[Opening SOURCE INFORMATION section]

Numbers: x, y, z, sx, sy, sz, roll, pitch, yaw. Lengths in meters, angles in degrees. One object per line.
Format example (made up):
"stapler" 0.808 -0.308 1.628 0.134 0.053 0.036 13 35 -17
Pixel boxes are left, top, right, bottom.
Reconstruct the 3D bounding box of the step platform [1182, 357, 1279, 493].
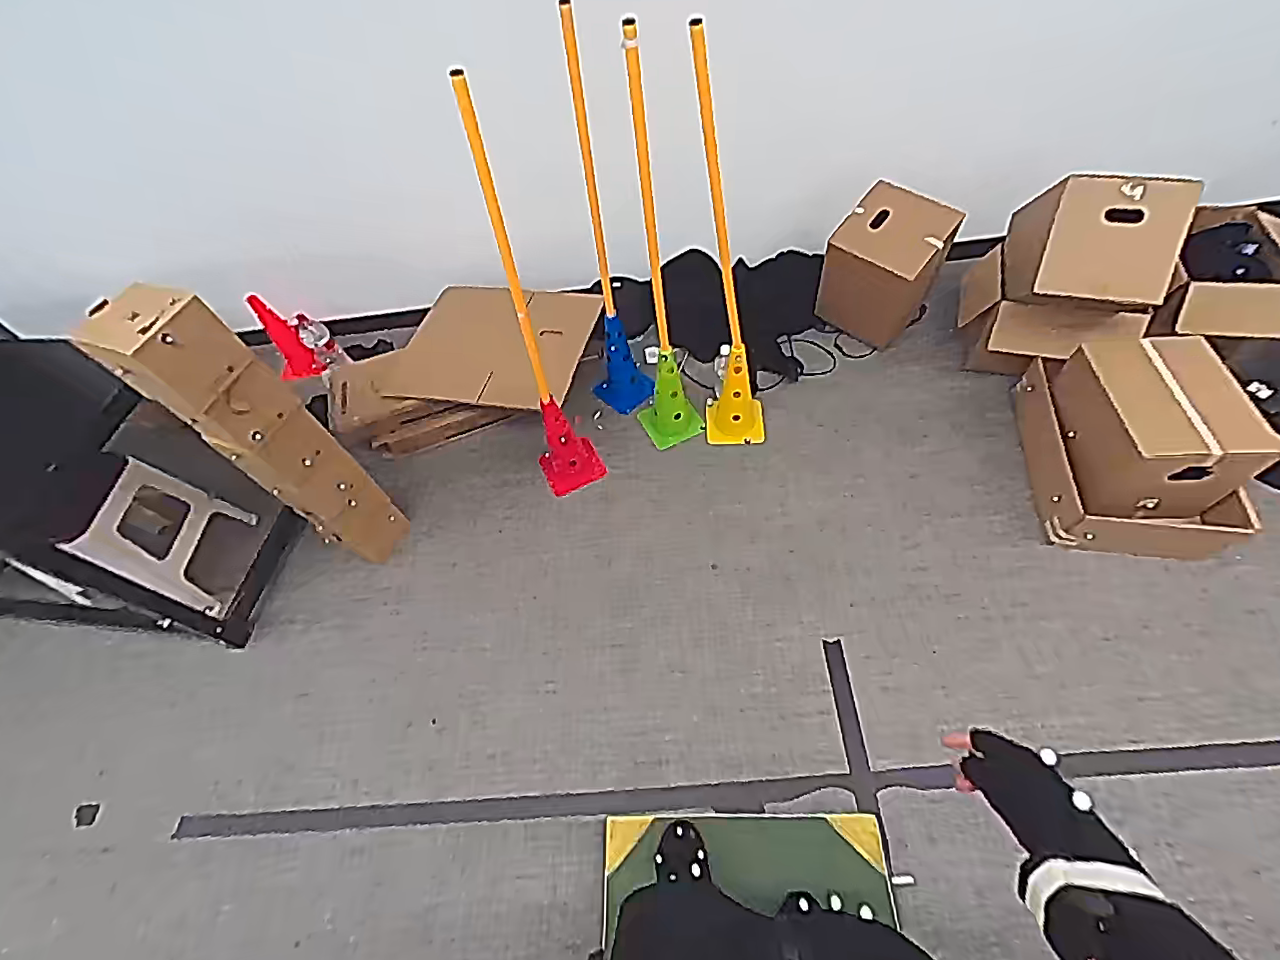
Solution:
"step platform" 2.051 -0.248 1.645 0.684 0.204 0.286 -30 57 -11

[Closing SOURCE INFORMATION section]
[Opening SOURCE INFORMATION section]

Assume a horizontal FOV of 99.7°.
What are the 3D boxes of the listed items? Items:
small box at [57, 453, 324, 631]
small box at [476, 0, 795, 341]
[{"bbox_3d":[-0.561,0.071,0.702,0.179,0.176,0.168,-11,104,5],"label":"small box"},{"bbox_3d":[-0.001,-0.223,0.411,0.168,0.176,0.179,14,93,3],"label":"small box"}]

[Closing SOURCE INFORMATION section]
[Opening SOURCE INFORMATION section]

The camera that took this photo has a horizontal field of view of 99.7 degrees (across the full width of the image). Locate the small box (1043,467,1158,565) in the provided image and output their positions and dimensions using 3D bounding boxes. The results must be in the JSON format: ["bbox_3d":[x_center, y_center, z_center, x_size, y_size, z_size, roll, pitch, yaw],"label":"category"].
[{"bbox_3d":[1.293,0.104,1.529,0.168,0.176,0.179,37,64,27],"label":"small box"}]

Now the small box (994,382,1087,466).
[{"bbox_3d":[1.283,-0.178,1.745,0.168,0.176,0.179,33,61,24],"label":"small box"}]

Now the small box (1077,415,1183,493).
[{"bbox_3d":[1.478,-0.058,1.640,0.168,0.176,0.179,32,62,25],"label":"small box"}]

[Closing SOURCE INFORMATION section]

▶ [YOUR OBJECTIVE]: Given the records above, reproduce precisely and only the lines between the line holding "Numbers: x, y, z, sx, sy, sz, roll, pitch, yaw." and the line holding "Reconstruct the 3D", inclusive.

▶ [YOUR SOLUTION]:
Numbers: x, y, z, sx, sy, sz, roll, pitch, yaw. Lengths in meters, angles in degrees. One object per line.
Format example (made up):
"stapler" 0.808 -0.308 1.628 0.134 0.053 0.036 13 35 -17
Pixel boxes are left, top, right, bottom.
Reconstruct the 3D bounding box of the step platform [1182, 357, 1279, 493].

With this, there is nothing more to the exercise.